> _Exercise instructions_
Copy out every line in the entries below that includes "size".

> _Recorded data_
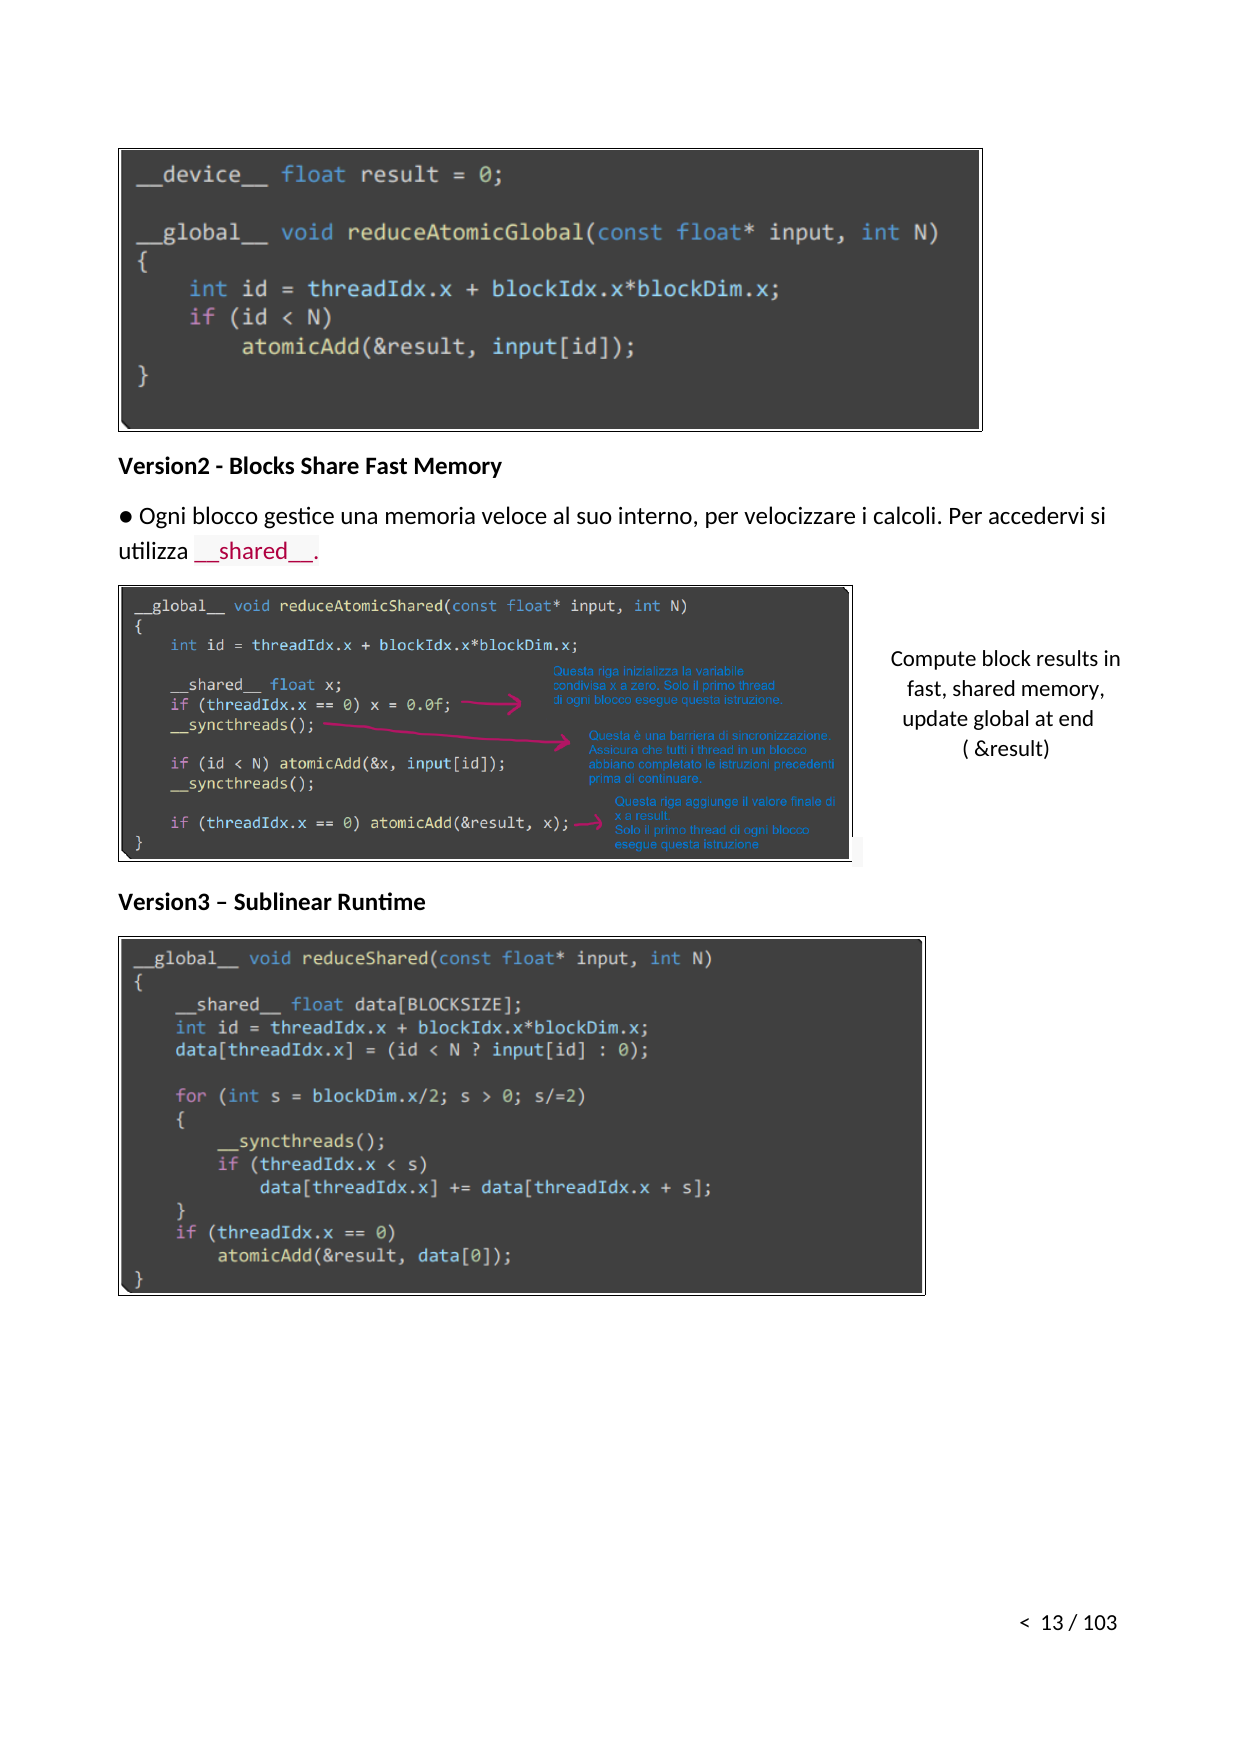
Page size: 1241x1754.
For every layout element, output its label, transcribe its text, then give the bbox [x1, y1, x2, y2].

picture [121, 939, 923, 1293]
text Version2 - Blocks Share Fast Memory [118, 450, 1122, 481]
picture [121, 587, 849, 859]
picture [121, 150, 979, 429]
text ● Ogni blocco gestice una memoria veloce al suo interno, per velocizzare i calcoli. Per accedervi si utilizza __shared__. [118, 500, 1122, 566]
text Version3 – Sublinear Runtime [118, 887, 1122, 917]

==

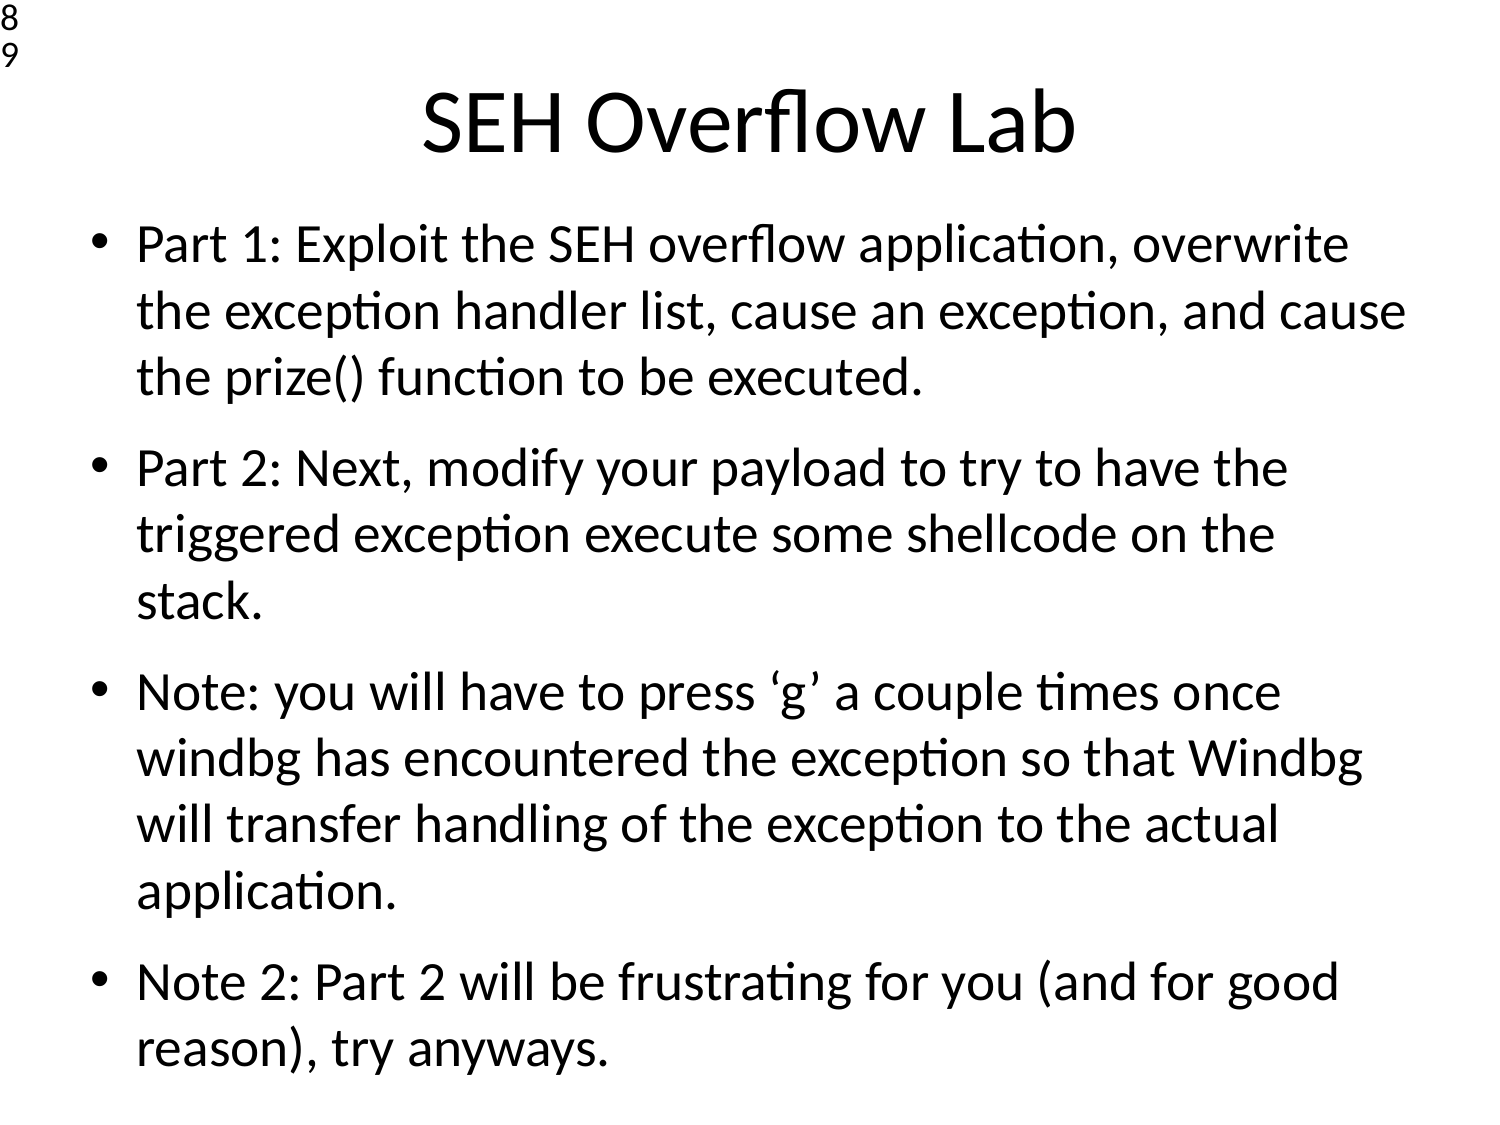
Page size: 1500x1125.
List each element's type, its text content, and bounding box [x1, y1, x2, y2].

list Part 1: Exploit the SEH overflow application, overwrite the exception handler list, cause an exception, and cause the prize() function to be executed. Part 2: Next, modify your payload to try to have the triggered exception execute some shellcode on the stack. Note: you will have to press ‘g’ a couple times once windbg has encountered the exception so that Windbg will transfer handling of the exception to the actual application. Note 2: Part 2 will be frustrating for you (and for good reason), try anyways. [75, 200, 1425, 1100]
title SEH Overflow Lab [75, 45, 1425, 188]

> _Task solution_
Page size: 1241x1754.
Page size: 1500x1125.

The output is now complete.